- First tankōbon volume cover

夢で見たあの子のために (Yume de Mita Ano Ko no Tame ni)
- Genre: Mystery, thriller
- Written by: Kei Sanbe
- Published by: Kadokawa Shoten
- English publisher: NA: Yen Press;
- Imprint: Kadokawa Comics A
- Magazine: Young Ace
- Original run: July 4, 2017 – July 4, 2022
- Volumes: 11
- Directed by: Tsuyoshi Nakakuki
- Written by: Daisuke Hosaka
- Music by: Tarō Makido
- Licensed by: Lemino
- Original run: August 29, 2023 – October 31, 2023
- Episodes: 10
- Anime and manga portal

= For the Kid I Saw in My Dreams =

Japanese manga series

For the Kid I Saw in My Dreams (夢で見たあの子のために, Yume de Mita Ano Ko no Tame ni) is a Japanese manga series written and illustrated by Kei Sanbe. It was serialized in Kadokawa Shoten's seinen manga magazine Young Ace from July 2017 to July 2022, with its chapters collected in eleven tankōbon volumes. A drama adaptation aired from August to October 2023.

==Media==
===Manga===
Written and illustrated by Kei Sanbe, For the Kid I Saw in My Dreams was serialized in Kadokawa Shoten's seinen manga magazine Young Ace from July 4, 2017, to July 4, 2022. Kadokawa Shoten collected its chapters in eleven tankōbon volumes, released from December 4, 2017, to September 2, 2022.

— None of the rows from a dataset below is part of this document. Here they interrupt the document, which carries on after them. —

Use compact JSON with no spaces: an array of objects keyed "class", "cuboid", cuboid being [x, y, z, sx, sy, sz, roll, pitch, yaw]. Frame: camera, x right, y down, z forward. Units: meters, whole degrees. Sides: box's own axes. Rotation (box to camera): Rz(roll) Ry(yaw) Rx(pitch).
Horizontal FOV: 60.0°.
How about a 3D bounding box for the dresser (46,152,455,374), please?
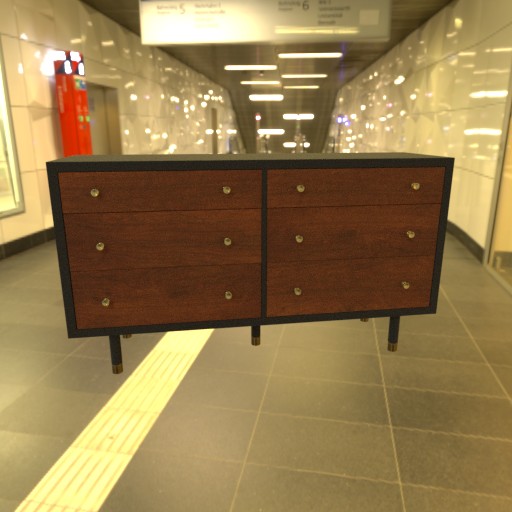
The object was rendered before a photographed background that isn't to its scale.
[{"class":"dresser","cuboid":[0.000,0.000,1.986,1.558,0.872,0.463,-3,16,-9]}]
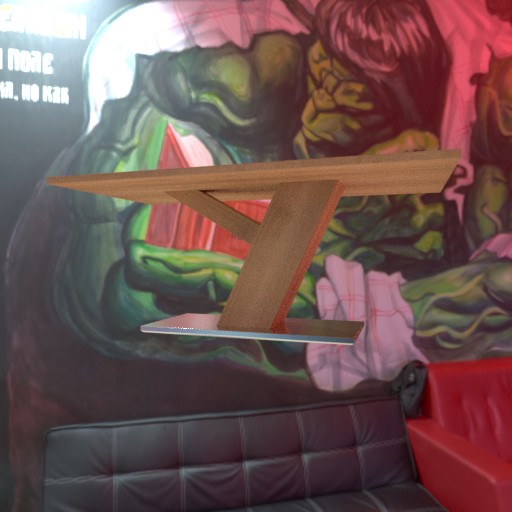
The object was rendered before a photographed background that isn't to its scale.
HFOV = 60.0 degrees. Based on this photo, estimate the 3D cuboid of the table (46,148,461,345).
[{"bbox_3d":[0.000,0.000,2.251,1.800,0.750,0.900,0,0,18],"label":"table"}]
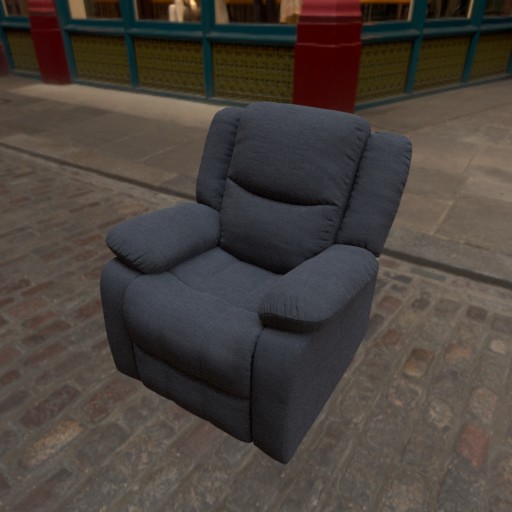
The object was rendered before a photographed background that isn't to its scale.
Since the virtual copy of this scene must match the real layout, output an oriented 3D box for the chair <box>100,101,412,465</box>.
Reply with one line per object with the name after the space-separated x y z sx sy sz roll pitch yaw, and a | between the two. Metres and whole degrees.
0.000 0.000 1.711 0.899 1.008 0.944 18 36 27 | chair
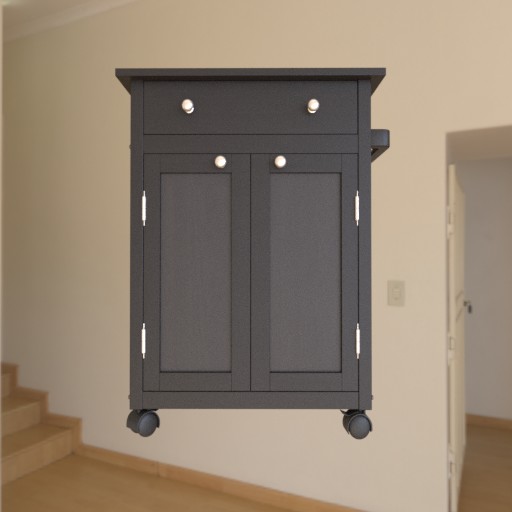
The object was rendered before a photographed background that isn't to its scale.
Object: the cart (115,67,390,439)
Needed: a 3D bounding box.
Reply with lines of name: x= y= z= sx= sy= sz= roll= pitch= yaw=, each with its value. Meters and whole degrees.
cart: x=0.000 y=0.000 z=1.262 sx=0.660 sy=0.879 sz=0.456 roll=0 pitch=-1 yaw=0
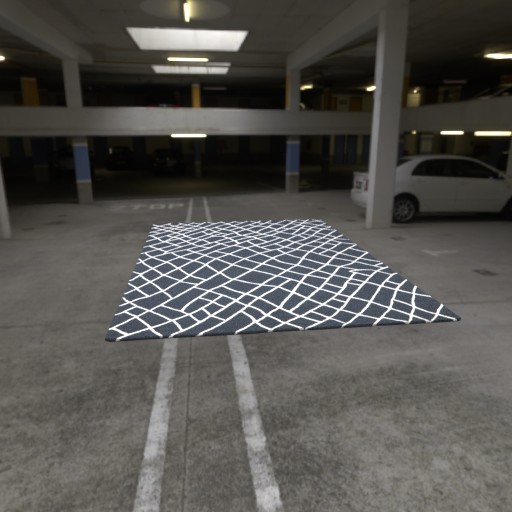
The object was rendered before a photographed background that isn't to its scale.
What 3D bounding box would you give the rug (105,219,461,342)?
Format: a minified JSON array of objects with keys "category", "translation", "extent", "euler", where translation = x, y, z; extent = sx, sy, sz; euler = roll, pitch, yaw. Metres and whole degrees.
[{"category":"rug","translation":[0.000,0.000,2.350],"extent":[1.223,0.013,1.830],"euler":[-2,16,-7]}]
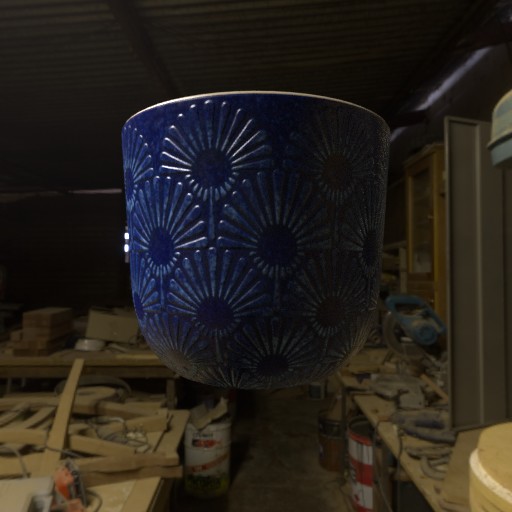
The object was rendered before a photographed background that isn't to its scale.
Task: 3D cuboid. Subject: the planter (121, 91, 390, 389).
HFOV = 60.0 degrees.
[{"bbox_3d":[0.000,0.000,0.291,0.170,0.153,0.170,0,-1,0],"label":"planter"}]
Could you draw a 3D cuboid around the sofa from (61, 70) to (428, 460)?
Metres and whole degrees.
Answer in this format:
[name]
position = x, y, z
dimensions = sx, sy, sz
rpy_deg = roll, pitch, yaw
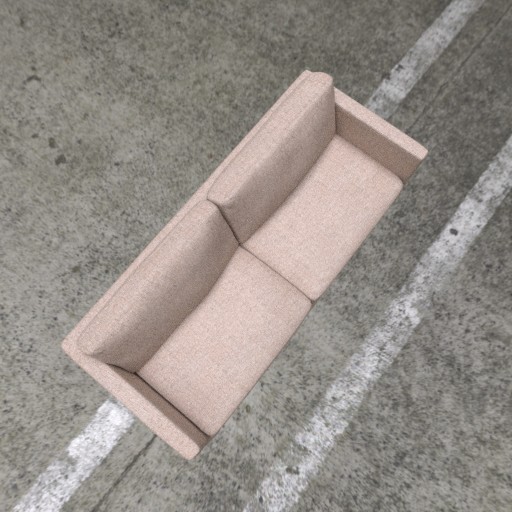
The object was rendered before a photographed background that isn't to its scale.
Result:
[sofa]
position = 0.000, 0.000, 2.739
dimensions = 0.951, 0.965, 2.208
rpy_deg = 37, 78, 9
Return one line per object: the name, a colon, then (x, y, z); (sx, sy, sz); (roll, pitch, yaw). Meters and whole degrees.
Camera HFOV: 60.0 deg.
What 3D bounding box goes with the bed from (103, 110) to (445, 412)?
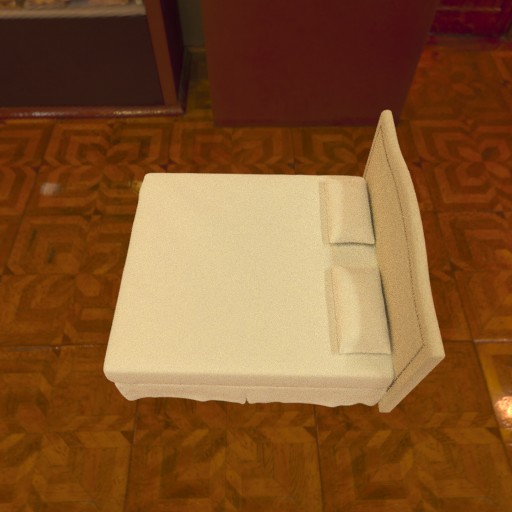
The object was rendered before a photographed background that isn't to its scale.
bed: (0.000, 0.000, 3.549); (2.182, 1.421, 2.083); (1, 57, 1)
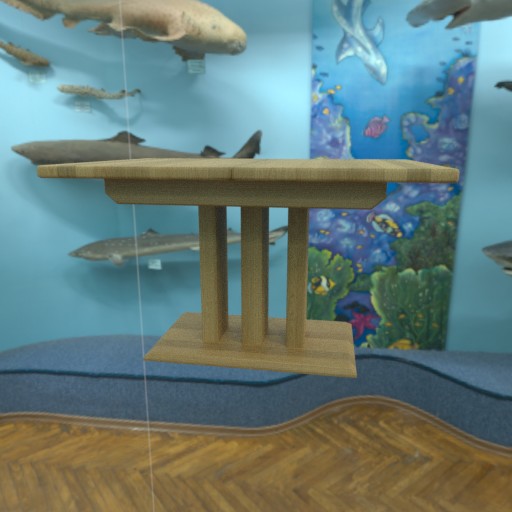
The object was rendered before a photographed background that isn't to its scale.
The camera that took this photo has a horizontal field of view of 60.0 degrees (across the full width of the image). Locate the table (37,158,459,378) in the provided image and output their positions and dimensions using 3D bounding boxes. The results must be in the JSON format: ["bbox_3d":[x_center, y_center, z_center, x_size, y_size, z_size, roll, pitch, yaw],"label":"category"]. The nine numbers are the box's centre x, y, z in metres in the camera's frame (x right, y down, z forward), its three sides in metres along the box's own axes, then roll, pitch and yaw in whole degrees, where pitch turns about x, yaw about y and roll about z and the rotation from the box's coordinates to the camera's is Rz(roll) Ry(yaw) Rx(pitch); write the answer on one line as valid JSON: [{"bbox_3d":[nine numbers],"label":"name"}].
[{"bbox_3d":[0.000,0.000,1.853,1.300,0.770,0.900,2,14,9],"label":"table"}]
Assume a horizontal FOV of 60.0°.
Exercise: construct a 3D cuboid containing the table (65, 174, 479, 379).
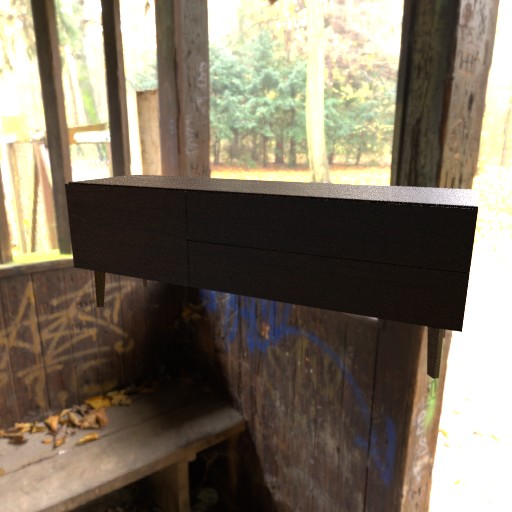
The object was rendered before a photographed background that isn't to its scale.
[{"bbox_3d":[0.000,0.000,1.614,1.397,0.508,0.405,7,17,24],"label":"table"}]
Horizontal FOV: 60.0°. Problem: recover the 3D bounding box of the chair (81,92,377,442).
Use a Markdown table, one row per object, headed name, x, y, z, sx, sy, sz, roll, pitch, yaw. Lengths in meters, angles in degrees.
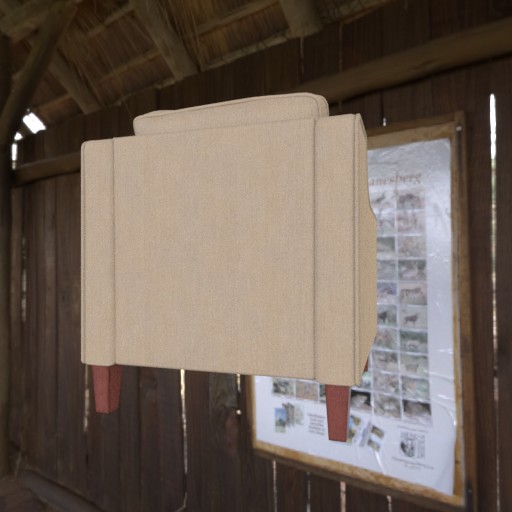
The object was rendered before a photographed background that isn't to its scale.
| name | x | y | z | sx | sy | sz | roll | pitch | yaw |
| --- | --- | --- | --- | --- | --- | --- | --- | --- | --- |
| chair | 0.000 | 0.000 | 1.641 | 0.831 | 0.960 | 0.909 | 0 | -1 | 18 |
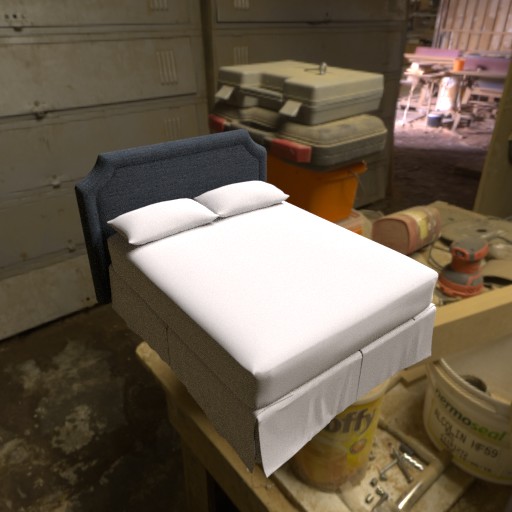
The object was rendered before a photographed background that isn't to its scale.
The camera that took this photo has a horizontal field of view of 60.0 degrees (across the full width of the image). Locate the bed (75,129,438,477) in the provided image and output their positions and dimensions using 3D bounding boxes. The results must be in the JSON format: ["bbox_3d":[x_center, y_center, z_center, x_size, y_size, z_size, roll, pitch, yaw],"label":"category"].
[{"bbox_3d":[0.000,0.000,3.291,1.828,1.297,2.208,-20,35,-32],"label":"bed"}]

In North America, the manga was licensed for English release by Yen Press. The eleven volumes were released from January 22, 2019, to October 17, 2023.

====Volumes====

| No. | Original release date | Original ISBN | English release date | English ISBN |
|---|---|---|---|---|
| 1 | December 4, 2017 | 978-4-04-106312-5 | January 22, 2019 | 978-1-9753-2886-3 |
| 2 | May 2, 2018 | 978-4-04-106837-3 | June 18, 2019 | 978-1-9753-0353-2 |
| 3 | December 4, 2018 | 978-4-04-107481-7 | November 26, 2019 | 978-1-9753-5950-8 |
| 4 | June 4, 2019 | 978-4-04-108238-6 | April 2, 2020 | 978-1-9753-9942-9 |
| 5 | December 4, 2019 | 978-4-04-108239-3 | July 21, 2020 | 978-1-9753-1534-4 |
| 6 | August 4, 2020 | 978-4-04-109456-3 | June 8, 2021 | 978-1-9753-2400-1 |
| 7 | December 28, 2020 | 978-4-04-109457-0 | December 7, 2021 | 978-1-9753-3679-0 |
| 8 | July 2, 2021 | 978-4-04-111458-2 | July 26, 2022 | 978-1-9753-4491-7 |
| 9 | December 3, 2021 | 978-4-04-111459-9 | December 13, 2022 | 978-1-9753-4954-7 |
| 10 | June 3, 2022 | 978-4-04-112549-6 | May 23, 2023 | 978-1-9753-6477-9 |
| 11 | September 2, 2022 | 978-4-04-113051-3 | October 17, 2023 | 978-1-9753-6816-6 |

===Drama===
A ten-episode drama adaptation premiered on the Lemino streaming platform from August 29 to October 31, 2023.